Based on the analysis, it can be concluded that dual-type Pokemon, on average, have higher stats in Attack, Defense, Sp. Atk, Sp. Def, Speed, and Total compared to single-type Pokemon. This suggests that dual-type Pokemon may generally be stronger or more versatile than single-type Pokemon, at least in terms of their stats.

However, it's important to remember that this analysis is based on the average values, and individual Pokemon may still have varying stats within each group.

#### Now, we want to compare whether there are significant differences of `Attack` vs `Defense`  and  `Sp. Atk` vs `Sp. Def` of all pokemons. Please write your code below.

*Hint: are you comparing different populations or the same population?*

In [16]:
# Your code here
attack_defense_pvalue = ttest_rel(pokemon['Attack'], pokemon['Defense']).pvalue
sp_atk_sp_def_pvalue = ttest_rel(pokemon['Sp. Atk'], pokemon['Sp. Def']).pvalue

print(f"Attack vs Defense p-value: {attack_defense_pvalue}")
print(f"Sp. Atk vs Sp. Def p-value: {sp_atk_sp_def_pvalue}")

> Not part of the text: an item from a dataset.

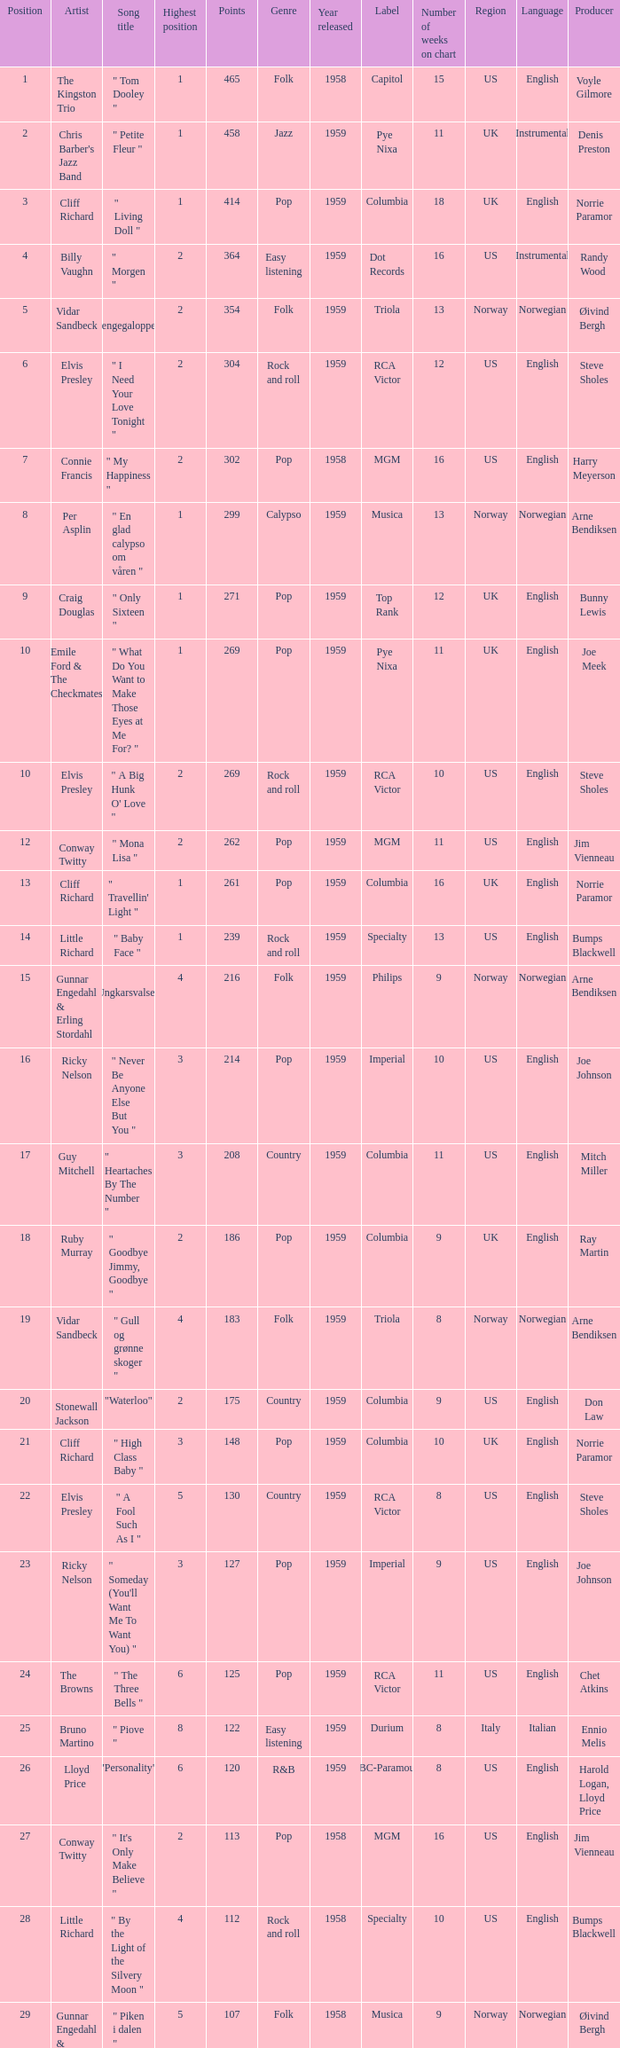What is the nme of the song performed by billy vaughn? " Morgen ".

Attack vs Defense p-value: 1.7140303479358558e-05
Sp. Atk vs Sp. Def p-value: 0.3933685997548122


#### What conclusions can you make?

In [18]:
# Your comment here
alpha = 0.05

if attack_defense_pvalue < alpha:
    print("There is a significant difference between Attack and Defense stats.")
else:
    print("There is no significant difference between Attack and Defense stats.")

if sp_atk_sp_def_pvalue < alpha:
    print("There is a significant difference between Sp. Atk and Sp. Def stats.")
else:
    print("There is no significant difference between Sp. Atk and Sp. Def stats.")

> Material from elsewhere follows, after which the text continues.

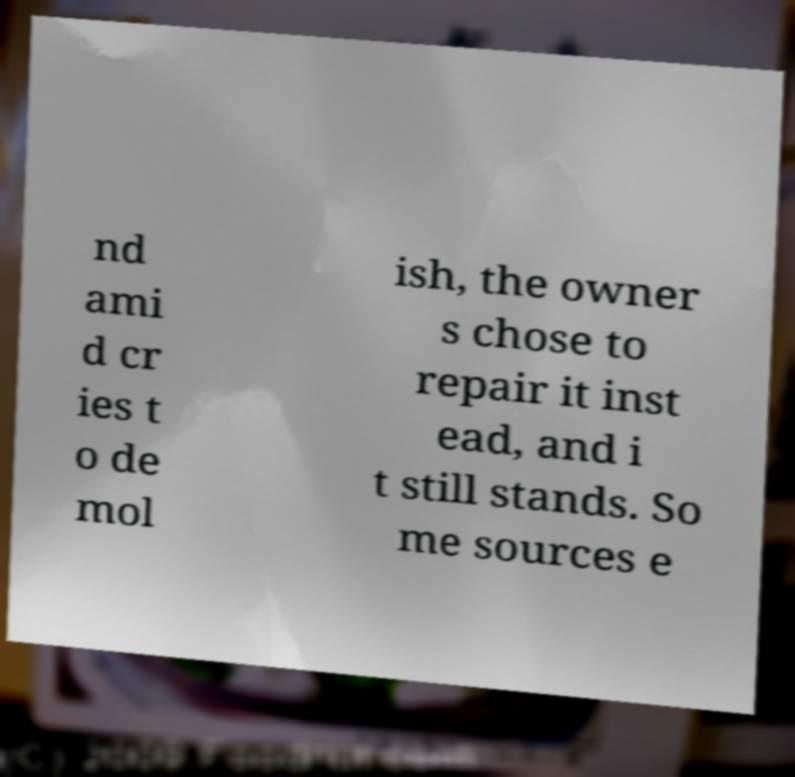Could you extract and type out the text from this image? nd ami d cr ies t o de mol ish, the owner s chose to repair it inst ead, and i t still stands. So me sources e

There is a significant difference between Attack and Defense stats.
There is no significant difference between Sp. Atk and Sp. Def stats.


1. Attack vs Defense: The p-value is 1.71e-05, which is less than 0.05. We can reject the null hypothesis, meaning there is a significant difference between the Attack and Defense stats of all Pokemon.

> The results show that there is a significant difference between Attack and Defense stats, suggesting that some Pokemon may excel in Attack but have lower Defense or vice versa.

2. Sp. Atk vs Sp. Def: The p-value is 0.3934, which is greater than 0.05. We cannot reject the null hypothesis, meaning there is no significant difference between the Sp. Atk and Sp. Def stats of all Pokemon.

> On the other hand, there is no significant difference between Sp. Atk and Sp. Def stats, implying that Pokemon may generally have more balanced Special Attack and Special Defense stats.

In summary, there is a significant difference between Attack and Defense stats, while there is no significant difference between Sp. Atk and Sp. Def stats for all Pokemon.